What to work on >>
What lines in the records include the string "usize"? Return each one.

Records to process >>
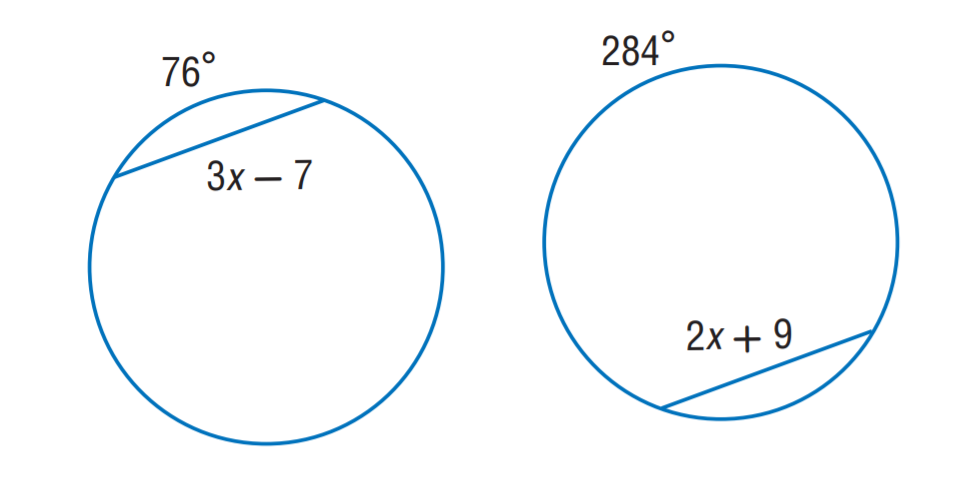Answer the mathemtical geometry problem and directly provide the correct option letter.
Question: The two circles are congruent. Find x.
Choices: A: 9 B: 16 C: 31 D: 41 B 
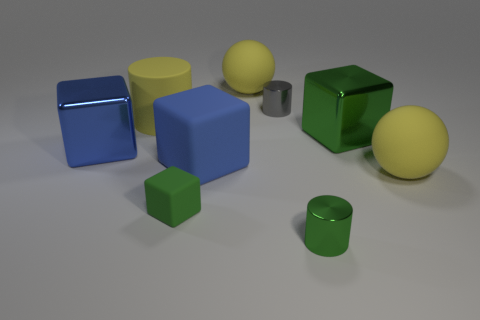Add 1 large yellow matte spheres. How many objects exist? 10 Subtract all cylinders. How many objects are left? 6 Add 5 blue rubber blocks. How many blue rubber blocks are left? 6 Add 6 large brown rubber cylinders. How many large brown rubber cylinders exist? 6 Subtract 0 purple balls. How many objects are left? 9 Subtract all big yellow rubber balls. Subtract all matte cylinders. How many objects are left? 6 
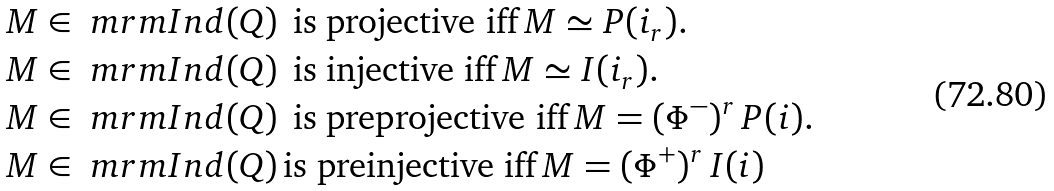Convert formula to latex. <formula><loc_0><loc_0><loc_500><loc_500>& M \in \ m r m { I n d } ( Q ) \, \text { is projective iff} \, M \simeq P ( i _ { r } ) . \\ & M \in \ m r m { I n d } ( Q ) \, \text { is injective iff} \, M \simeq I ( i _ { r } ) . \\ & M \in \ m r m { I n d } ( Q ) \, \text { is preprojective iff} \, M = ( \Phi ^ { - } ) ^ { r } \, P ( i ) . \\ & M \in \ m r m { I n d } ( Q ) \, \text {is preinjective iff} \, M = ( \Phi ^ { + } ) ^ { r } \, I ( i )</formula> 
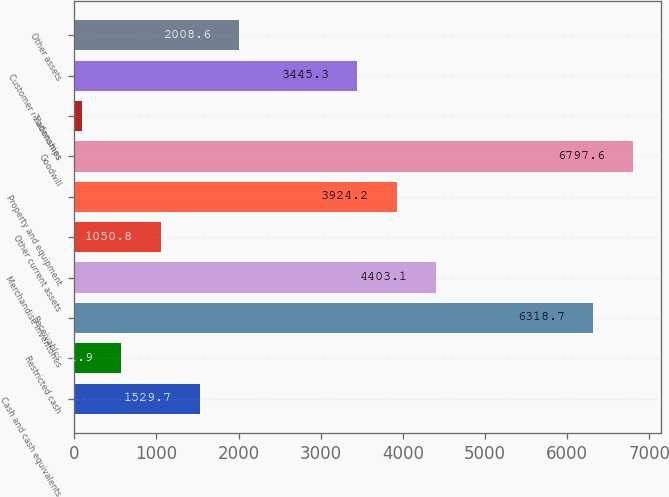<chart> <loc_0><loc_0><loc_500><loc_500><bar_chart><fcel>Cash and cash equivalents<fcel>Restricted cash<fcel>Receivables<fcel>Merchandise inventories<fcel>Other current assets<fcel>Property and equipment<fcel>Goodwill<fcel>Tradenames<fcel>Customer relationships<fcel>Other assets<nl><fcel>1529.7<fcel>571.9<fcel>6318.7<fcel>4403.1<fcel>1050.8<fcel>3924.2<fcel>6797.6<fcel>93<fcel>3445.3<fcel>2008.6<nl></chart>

--

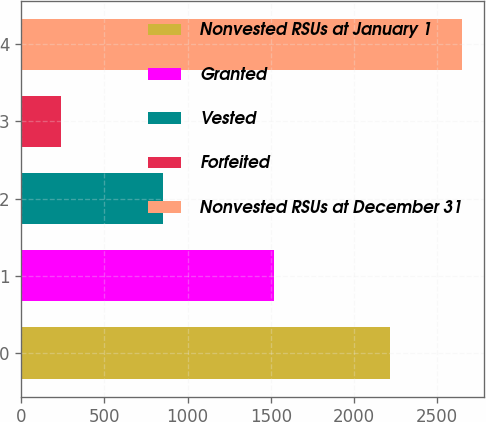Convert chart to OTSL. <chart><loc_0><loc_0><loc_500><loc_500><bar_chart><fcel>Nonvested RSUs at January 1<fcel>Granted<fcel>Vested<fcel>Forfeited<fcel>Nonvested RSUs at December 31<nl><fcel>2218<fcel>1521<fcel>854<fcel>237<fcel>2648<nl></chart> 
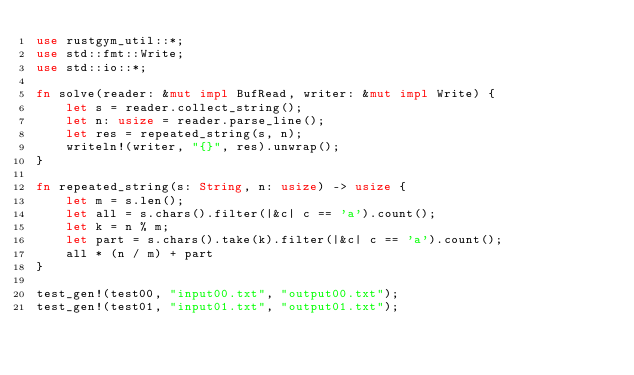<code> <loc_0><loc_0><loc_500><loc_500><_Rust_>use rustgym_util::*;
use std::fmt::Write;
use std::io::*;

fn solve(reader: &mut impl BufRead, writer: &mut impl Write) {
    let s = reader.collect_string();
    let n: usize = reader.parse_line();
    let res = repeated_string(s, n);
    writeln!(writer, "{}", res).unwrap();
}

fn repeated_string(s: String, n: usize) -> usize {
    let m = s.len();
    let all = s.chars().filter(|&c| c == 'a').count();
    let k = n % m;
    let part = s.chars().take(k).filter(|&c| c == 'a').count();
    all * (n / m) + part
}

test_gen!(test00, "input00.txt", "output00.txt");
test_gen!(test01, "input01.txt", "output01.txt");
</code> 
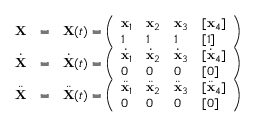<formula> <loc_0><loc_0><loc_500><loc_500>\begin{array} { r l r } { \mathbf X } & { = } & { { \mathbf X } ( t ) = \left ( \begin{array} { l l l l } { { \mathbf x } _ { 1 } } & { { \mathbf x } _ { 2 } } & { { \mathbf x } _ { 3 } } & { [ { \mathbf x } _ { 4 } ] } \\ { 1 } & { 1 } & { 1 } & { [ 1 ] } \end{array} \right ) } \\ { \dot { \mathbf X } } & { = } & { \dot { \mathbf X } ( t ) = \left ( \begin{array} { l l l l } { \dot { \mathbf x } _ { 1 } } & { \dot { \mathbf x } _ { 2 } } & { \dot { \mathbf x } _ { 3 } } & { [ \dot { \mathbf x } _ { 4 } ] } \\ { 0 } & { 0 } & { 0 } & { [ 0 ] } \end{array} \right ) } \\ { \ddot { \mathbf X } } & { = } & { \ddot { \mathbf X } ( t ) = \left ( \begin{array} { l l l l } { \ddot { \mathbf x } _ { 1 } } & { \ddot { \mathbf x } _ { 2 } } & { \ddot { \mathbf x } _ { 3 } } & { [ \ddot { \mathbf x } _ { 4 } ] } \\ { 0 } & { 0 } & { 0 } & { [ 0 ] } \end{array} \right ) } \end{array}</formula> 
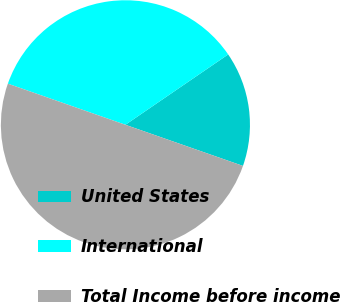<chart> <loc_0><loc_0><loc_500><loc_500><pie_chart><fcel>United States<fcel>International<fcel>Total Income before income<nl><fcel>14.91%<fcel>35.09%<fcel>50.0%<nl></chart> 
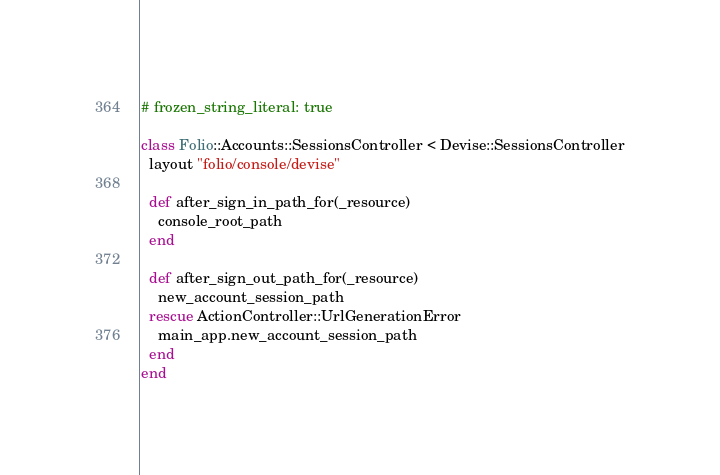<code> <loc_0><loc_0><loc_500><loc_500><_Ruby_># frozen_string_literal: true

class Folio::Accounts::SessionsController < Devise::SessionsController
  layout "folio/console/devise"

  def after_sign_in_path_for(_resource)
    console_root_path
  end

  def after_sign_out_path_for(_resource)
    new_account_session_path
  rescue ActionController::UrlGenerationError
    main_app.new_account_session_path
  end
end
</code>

Task response >>
    let n: usize = reader.parse_line();
fn repeated_string(s: String, n: usize) -> usize {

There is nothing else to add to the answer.